* _Problem statement_: Exclude the pictures, then quote exactly the lines from the one holding "The width and" through the last line of the records.

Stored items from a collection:
'''

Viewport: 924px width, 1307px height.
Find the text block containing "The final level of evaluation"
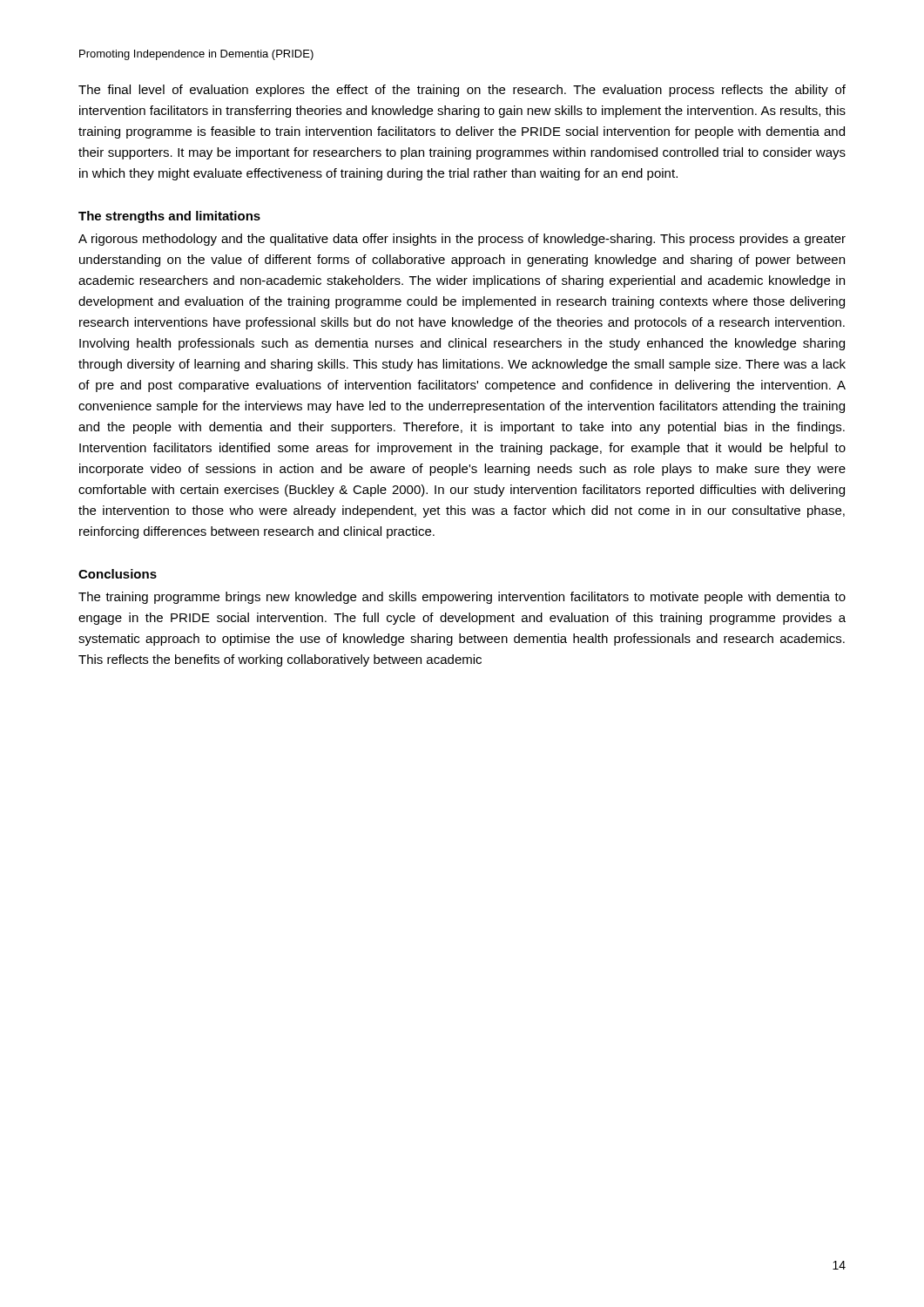pyautogui.click(x=462, y=131)
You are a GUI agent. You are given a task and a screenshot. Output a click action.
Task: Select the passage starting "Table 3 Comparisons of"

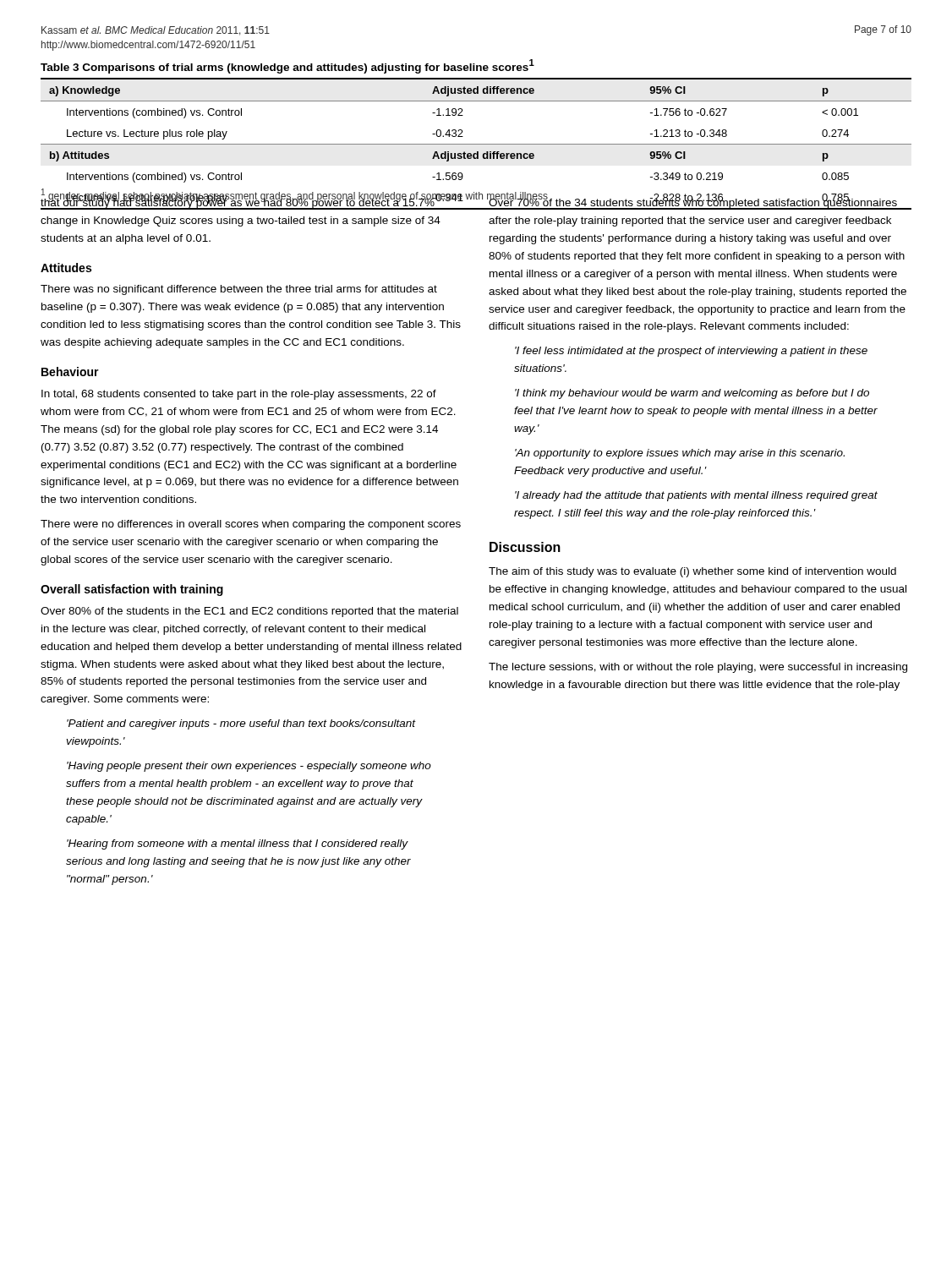pyautogui.click(x=287, y=65)
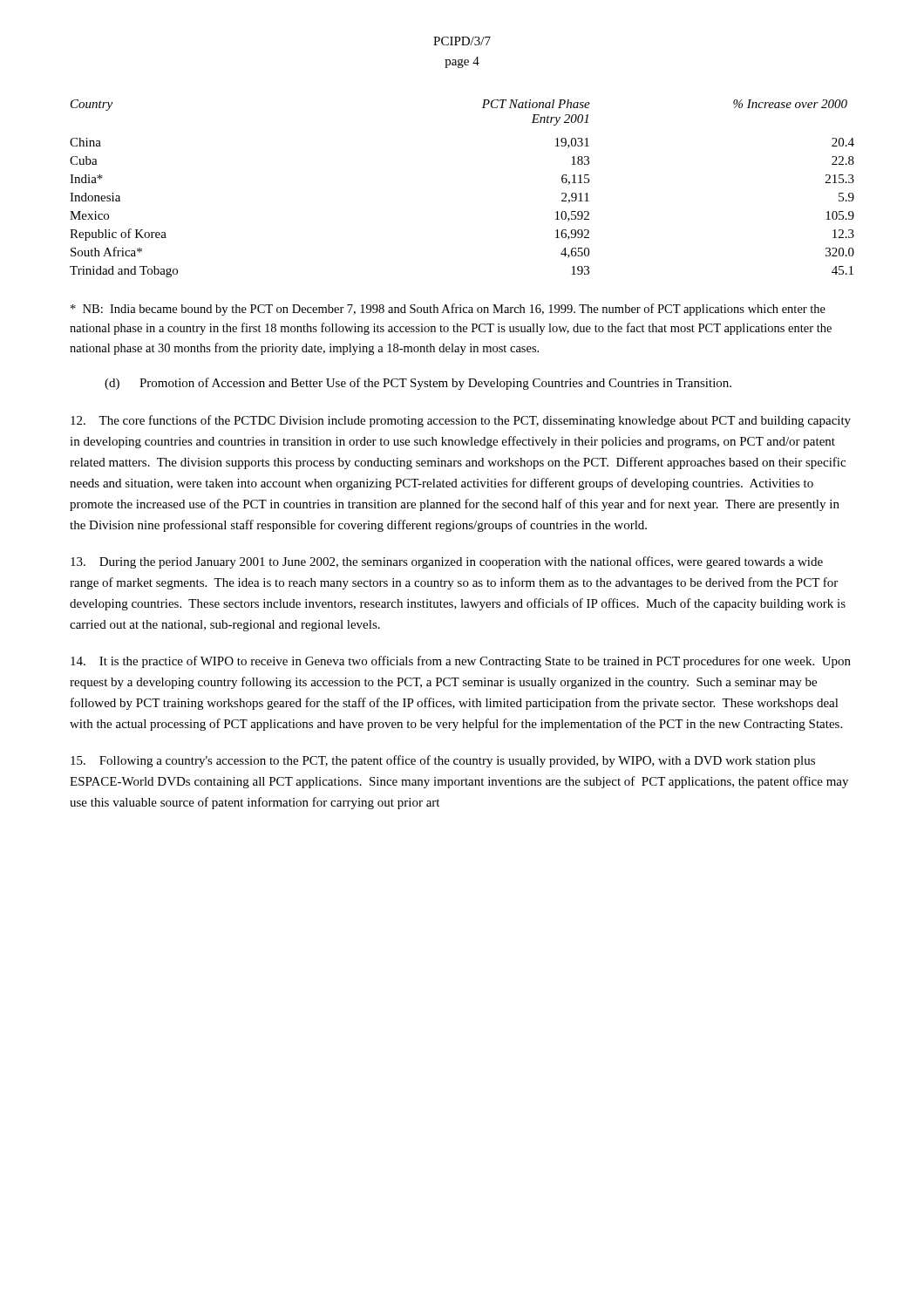This screenshot has width=924, height=1308.
Task: Select the table that reads "% Increase over 2000"
Action: click(462, 188)
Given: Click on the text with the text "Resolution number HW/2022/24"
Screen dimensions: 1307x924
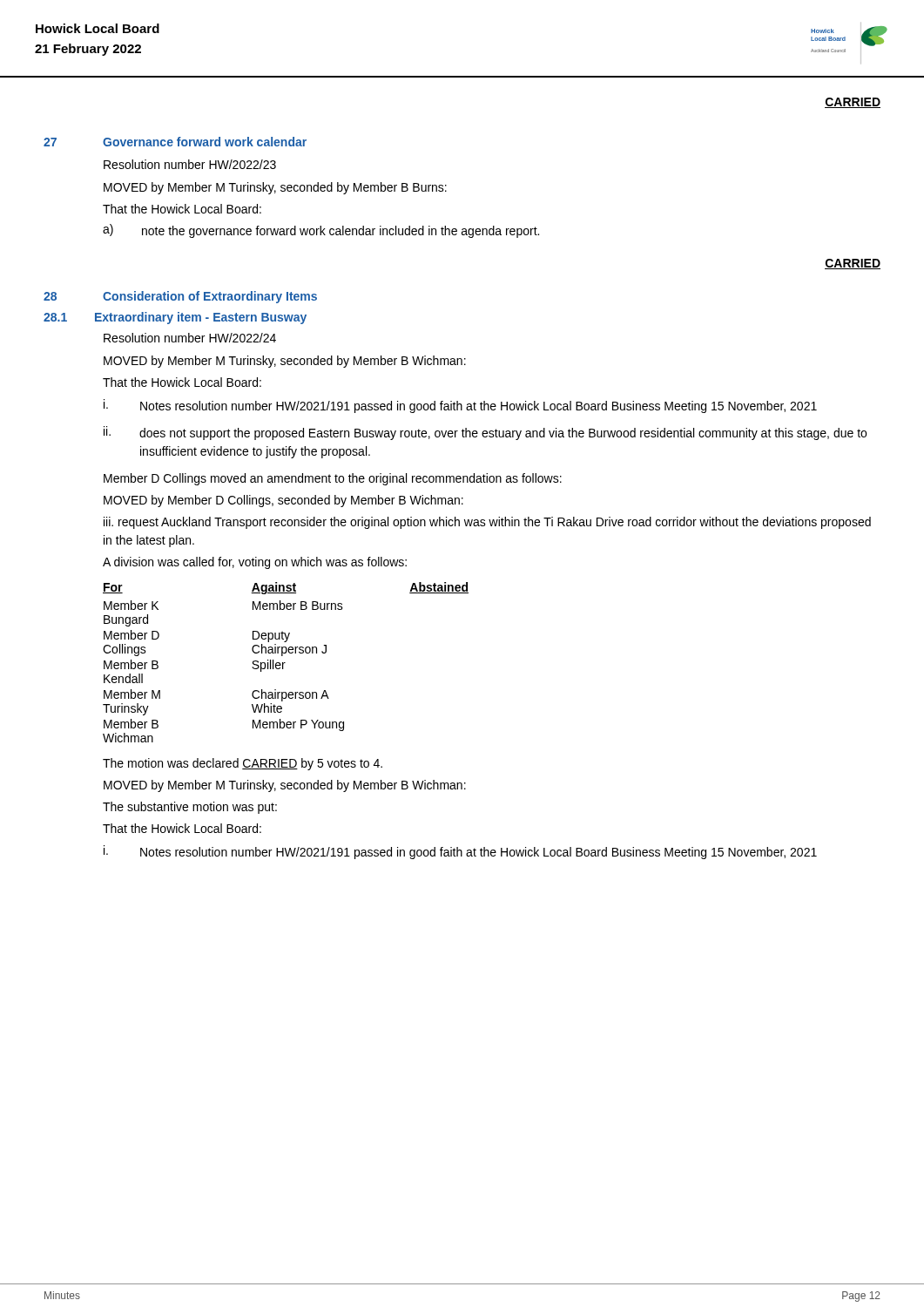Looking at the screenshot, I should click(x=190, y=338).
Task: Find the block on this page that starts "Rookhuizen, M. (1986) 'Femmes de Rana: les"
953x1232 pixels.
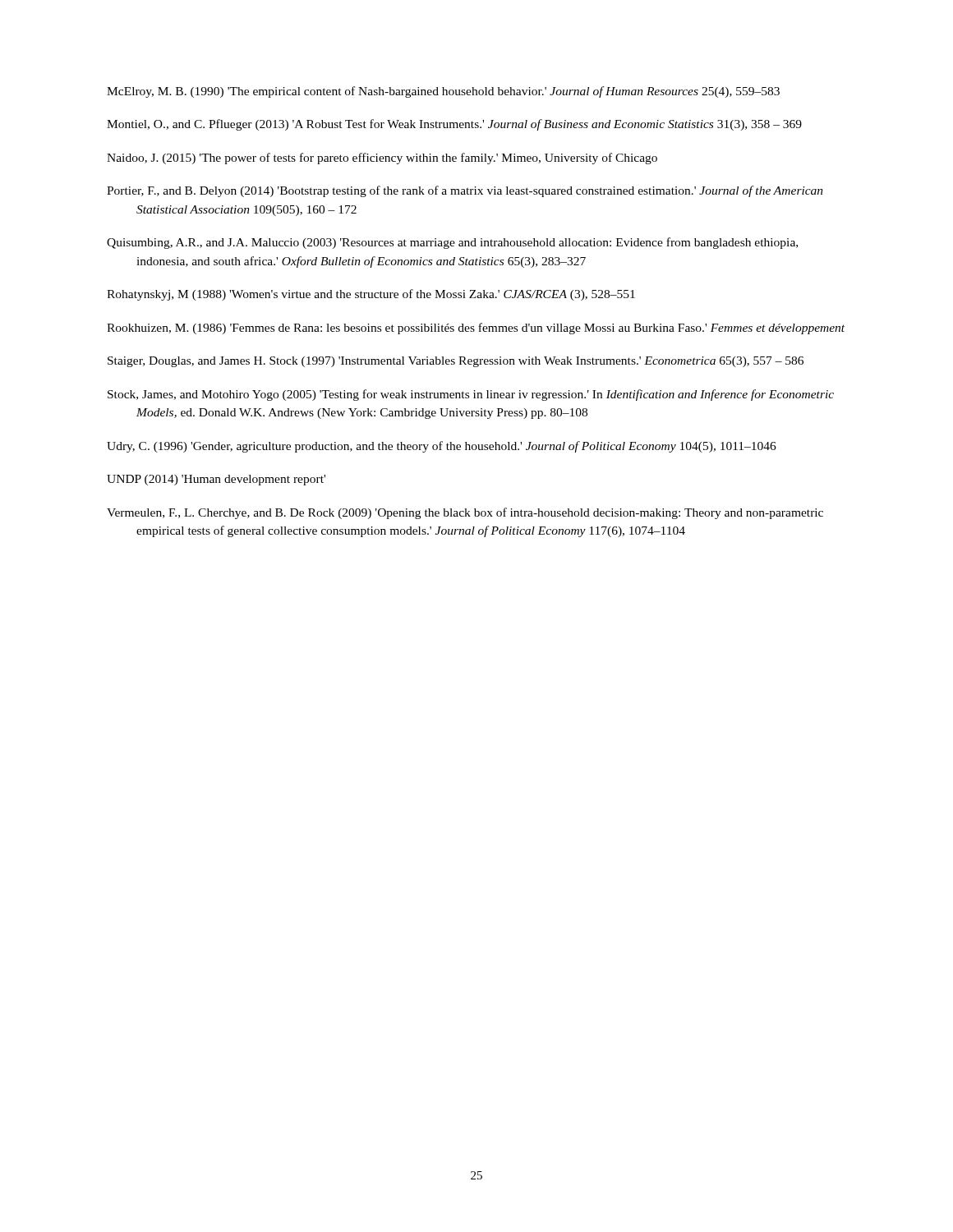Action: click(476, 327)
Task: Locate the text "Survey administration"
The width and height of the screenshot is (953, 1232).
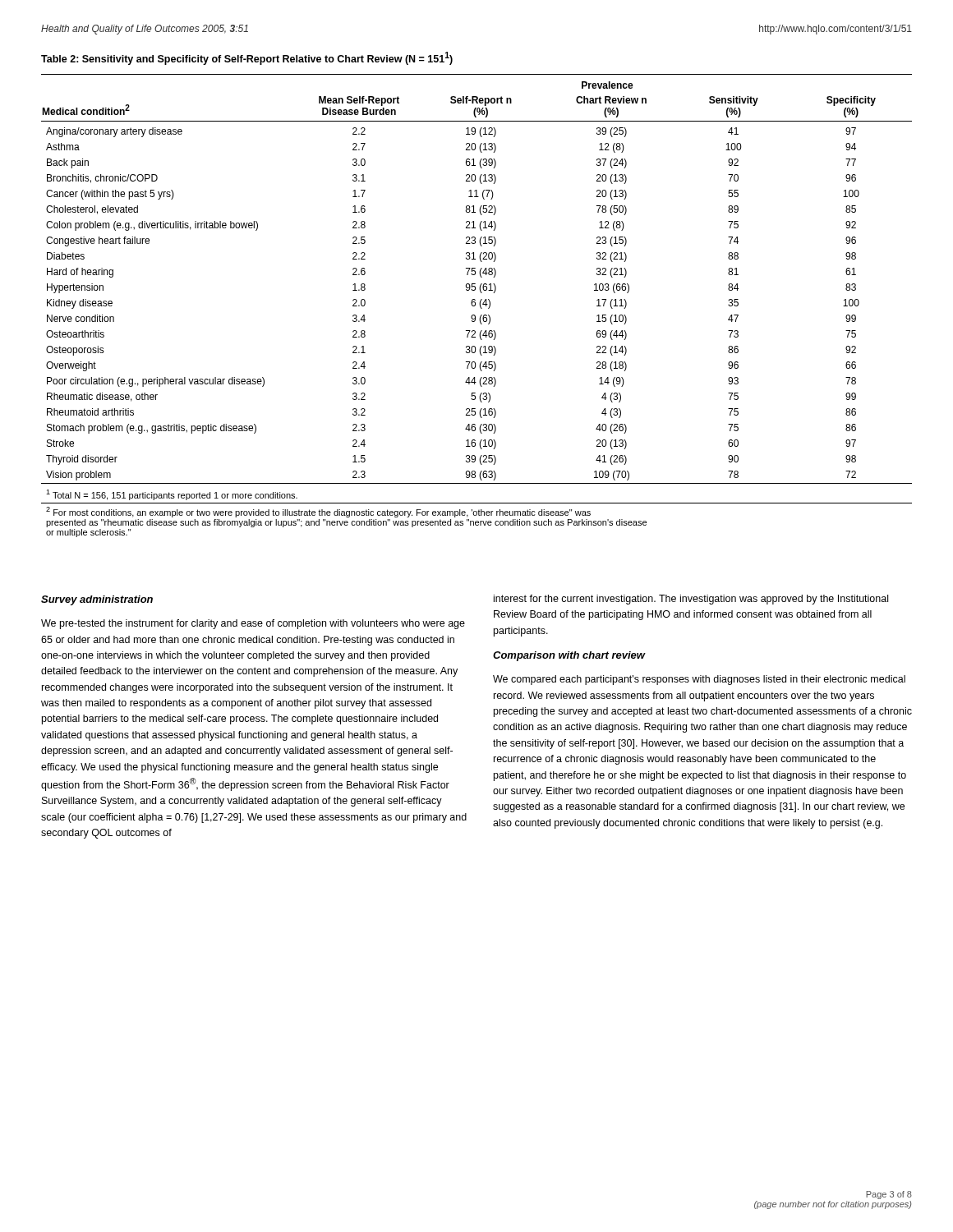Action: click(97, 600)

'''

* _Written answer_:
The width and height of the screenshot is (953, 1232).
Action: click(97, 600)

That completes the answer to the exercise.